Your task —
Reproduce exactly the lines below, starting with the line that contains "dimension line sits" and ending with the last line of the records, both included, and nothing else.

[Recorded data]
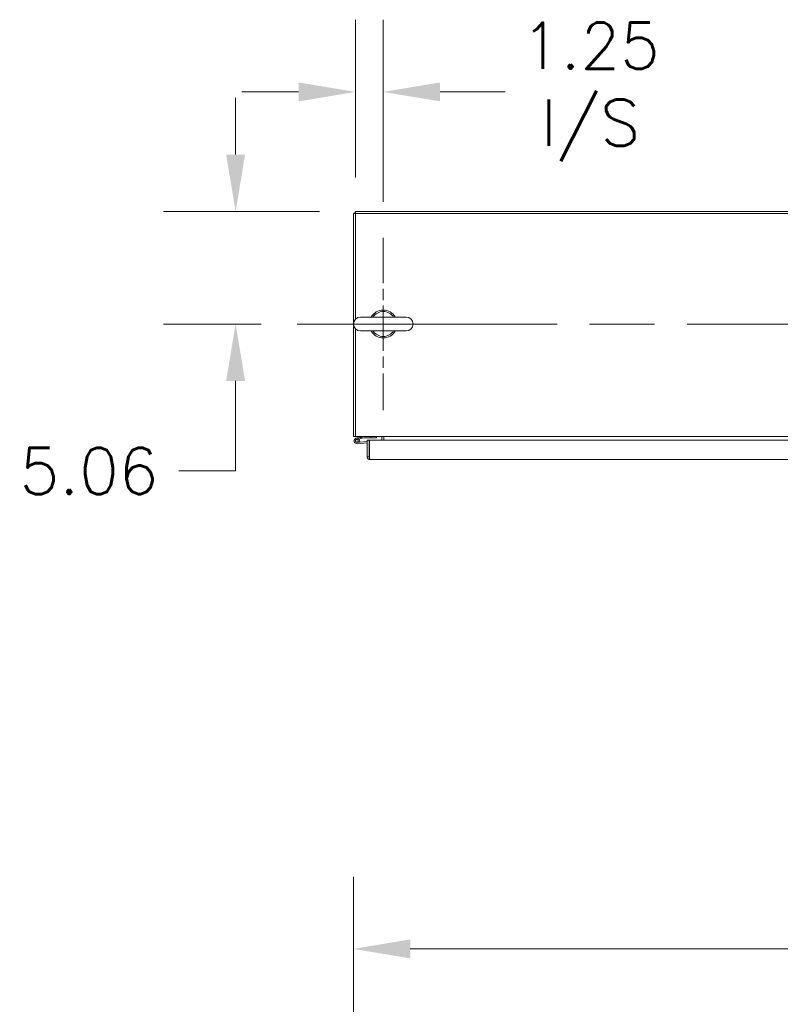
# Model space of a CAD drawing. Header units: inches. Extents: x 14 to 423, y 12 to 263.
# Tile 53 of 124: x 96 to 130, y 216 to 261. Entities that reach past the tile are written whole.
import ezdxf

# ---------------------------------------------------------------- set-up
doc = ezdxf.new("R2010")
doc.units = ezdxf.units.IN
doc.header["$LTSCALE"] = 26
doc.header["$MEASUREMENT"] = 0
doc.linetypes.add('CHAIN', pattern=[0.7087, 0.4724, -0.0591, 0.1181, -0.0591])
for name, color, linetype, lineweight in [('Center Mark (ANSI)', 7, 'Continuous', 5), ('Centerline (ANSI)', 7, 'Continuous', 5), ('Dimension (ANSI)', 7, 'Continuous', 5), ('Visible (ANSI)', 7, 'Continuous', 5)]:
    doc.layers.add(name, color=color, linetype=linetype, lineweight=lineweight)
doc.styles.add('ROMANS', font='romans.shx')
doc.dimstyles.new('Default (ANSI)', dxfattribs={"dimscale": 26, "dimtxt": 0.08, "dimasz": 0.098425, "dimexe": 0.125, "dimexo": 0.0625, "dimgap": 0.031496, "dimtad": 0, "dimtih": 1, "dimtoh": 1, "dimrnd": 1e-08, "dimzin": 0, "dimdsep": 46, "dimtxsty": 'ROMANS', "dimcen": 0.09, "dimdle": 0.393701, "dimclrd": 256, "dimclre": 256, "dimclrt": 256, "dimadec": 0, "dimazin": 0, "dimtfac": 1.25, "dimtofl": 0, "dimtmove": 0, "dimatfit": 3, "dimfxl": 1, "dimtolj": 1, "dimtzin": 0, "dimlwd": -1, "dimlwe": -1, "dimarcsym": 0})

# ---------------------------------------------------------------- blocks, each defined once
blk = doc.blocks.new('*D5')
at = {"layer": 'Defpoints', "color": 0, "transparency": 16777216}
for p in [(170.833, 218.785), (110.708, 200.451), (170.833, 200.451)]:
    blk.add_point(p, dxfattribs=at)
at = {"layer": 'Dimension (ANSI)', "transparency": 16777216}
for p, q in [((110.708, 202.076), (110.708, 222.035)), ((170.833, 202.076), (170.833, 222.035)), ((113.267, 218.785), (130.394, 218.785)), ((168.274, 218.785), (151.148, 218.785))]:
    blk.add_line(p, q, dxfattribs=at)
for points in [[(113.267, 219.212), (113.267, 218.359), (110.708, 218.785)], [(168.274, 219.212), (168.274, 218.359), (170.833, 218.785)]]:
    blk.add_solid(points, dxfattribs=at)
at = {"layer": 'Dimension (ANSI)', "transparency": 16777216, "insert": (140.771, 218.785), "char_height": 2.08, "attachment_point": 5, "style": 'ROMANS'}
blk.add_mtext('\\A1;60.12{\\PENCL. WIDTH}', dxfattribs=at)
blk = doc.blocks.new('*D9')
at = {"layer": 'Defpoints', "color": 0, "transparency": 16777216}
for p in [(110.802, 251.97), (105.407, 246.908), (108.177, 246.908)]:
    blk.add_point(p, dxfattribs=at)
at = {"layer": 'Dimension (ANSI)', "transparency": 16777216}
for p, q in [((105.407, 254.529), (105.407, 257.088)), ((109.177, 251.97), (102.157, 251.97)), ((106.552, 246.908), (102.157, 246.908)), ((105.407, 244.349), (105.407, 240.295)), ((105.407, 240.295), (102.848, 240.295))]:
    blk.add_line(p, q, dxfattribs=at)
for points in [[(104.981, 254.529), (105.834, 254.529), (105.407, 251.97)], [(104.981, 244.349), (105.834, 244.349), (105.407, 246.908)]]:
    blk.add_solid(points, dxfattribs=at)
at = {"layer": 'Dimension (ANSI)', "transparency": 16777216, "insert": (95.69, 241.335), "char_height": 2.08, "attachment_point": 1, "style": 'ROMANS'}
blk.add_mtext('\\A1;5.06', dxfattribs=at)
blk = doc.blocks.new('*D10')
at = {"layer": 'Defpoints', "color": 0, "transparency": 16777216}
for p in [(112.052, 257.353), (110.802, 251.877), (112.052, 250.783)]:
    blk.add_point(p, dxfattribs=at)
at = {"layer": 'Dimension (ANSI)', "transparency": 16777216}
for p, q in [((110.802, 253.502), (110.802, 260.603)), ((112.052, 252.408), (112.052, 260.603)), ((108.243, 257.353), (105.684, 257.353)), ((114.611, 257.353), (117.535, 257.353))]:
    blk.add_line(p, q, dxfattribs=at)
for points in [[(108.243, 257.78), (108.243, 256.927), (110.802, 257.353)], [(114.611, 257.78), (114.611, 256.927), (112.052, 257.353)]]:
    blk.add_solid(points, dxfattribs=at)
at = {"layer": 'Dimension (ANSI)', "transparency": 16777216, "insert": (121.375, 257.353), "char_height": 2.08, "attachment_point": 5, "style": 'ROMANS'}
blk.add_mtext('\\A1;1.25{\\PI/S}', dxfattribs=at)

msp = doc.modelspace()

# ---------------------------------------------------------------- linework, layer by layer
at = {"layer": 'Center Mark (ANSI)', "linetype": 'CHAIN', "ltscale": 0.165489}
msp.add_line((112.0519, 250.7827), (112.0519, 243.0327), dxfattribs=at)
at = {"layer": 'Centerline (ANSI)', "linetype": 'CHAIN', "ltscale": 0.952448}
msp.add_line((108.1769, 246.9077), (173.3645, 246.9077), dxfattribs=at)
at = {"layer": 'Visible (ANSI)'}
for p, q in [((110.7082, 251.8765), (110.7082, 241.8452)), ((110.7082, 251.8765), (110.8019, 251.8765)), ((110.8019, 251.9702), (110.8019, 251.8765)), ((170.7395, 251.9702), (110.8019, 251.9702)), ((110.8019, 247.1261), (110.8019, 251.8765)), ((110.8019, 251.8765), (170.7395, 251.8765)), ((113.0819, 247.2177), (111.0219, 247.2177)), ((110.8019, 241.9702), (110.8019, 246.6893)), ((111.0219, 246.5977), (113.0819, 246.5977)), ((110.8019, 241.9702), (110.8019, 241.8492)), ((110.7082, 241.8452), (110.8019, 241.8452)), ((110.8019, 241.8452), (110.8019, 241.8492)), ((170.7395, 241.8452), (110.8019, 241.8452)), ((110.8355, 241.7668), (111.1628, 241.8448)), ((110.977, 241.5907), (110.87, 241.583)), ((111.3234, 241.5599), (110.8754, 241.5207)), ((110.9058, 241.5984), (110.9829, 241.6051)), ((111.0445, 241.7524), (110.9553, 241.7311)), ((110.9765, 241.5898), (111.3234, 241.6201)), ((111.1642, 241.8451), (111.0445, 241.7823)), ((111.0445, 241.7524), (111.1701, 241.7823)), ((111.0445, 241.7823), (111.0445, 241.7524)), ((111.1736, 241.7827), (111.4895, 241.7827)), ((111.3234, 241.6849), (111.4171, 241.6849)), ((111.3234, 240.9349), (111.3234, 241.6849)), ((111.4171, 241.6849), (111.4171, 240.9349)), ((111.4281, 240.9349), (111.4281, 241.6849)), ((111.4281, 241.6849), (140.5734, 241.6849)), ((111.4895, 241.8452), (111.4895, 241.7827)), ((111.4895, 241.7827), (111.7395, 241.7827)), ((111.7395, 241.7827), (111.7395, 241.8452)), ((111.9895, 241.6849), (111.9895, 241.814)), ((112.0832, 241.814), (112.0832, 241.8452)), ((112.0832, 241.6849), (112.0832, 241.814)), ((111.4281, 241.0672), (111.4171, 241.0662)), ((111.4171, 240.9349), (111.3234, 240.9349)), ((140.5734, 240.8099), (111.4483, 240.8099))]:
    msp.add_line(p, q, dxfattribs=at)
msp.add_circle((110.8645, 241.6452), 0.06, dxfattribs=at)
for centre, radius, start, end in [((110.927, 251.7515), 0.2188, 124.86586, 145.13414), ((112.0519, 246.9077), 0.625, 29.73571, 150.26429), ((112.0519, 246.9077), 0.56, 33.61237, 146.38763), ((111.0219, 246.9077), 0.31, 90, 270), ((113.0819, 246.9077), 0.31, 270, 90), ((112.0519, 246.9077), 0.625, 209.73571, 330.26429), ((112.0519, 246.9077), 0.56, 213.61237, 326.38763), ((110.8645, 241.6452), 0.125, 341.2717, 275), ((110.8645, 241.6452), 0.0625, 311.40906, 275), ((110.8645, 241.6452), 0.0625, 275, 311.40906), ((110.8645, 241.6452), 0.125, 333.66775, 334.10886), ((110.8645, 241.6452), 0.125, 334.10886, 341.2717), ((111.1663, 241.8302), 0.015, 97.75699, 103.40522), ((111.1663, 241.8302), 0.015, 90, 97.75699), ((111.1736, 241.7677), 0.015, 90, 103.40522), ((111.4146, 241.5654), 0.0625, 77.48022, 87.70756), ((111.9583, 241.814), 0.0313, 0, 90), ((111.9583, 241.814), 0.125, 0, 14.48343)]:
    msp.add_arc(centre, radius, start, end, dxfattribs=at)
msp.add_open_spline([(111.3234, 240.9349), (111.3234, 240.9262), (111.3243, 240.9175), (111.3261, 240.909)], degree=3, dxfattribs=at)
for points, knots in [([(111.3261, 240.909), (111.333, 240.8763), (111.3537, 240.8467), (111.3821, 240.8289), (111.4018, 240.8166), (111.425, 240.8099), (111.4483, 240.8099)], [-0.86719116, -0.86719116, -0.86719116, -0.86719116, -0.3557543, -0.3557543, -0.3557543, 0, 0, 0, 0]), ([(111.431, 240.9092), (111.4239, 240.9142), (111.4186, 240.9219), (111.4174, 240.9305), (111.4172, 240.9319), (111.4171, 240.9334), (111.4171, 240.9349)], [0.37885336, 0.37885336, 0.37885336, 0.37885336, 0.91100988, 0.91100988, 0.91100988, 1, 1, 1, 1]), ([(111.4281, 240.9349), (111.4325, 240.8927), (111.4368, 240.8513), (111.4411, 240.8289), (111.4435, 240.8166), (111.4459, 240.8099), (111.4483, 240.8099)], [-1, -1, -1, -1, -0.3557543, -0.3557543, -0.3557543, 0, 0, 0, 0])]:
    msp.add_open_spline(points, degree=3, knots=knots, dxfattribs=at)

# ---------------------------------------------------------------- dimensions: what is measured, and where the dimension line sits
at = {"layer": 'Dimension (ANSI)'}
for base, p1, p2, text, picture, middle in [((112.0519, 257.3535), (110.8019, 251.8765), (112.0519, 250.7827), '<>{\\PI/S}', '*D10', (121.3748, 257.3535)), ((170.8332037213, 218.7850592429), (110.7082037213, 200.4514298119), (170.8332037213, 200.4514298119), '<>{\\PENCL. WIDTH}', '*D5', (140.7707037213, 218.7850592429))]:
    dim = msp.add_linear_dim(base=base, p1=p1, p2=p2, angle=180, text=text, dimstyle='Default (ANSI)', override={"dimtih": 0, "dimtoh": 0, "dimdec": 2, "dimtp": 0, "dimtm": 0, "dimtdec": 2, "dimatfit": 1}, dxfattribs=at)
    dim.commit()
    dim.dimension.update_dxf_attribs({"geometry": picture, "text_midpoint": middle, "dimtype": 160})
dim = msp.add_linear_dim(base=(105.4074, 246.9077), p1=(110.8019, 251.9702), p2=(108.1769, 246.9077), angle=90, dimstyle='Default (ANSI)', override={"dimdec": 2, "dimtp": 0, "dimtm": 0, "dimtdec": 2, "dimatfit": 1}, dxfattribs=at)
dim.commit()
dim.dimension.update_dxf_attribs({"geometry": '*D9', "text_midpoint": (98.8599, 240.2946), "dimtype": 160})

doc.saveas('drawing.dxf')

Expected answer —
# ---------------------------------------------------------------- dimensions: what is measured, and where the dimension line sits
at = {"layer": 'Dimension (ANSI)'}
for base, p1, p2, text, picture, middle in [((112.0519, 257.3535), (110.8019, 251.8765), (112.0519, 250.7827), '<>{\\PI/S}', '*D10', (121.3748, 257.3535)), ((170.8332037213, 218.7850592429), (110.7082037213, 200.4514298119), (170.8332037213, 200.4514298119), '<>{\\PENCL. WIDTH}', '*D5', (140.7707037213, 218.7850592429))]:
    dim = msp.add_linear_dim(base=base, p1=p1, p2=p2, angle=180, text=text, dimstyle='Default (ANSI)', override={"dimtih": 0, "dimtoh": 0, "dimdec": 2, "dimtp": 0, "dimtm": 0, "dimtdec": 2, "dimatfit": 1}, dxfattribs=at)
    dim.commit()
    dim.dimension.update_dxf_attribs({"geometry": picture, "text_midpoint": middle, "dimtype": 160})
dim = msp.add_linear_dim(base=(105.4074, 246.9077), p1=(110.8019, 251.9702), p2=(108.1769, 246.9077), angle=90, dimstyle='Default (ANSI)', override={"dimdec": 2, "dimtp": 0, "dimtm": 0, "dimtdec": 2, "dimatfit": 1}, dxfattribs=at)
dim.commit()
dim.dimension.update_dxf_attribs({"geometry": '*D9', "text_midpoint": (98.8599, 240.2946), "dimtype": 160})

doc.saveas('drawing.dxf')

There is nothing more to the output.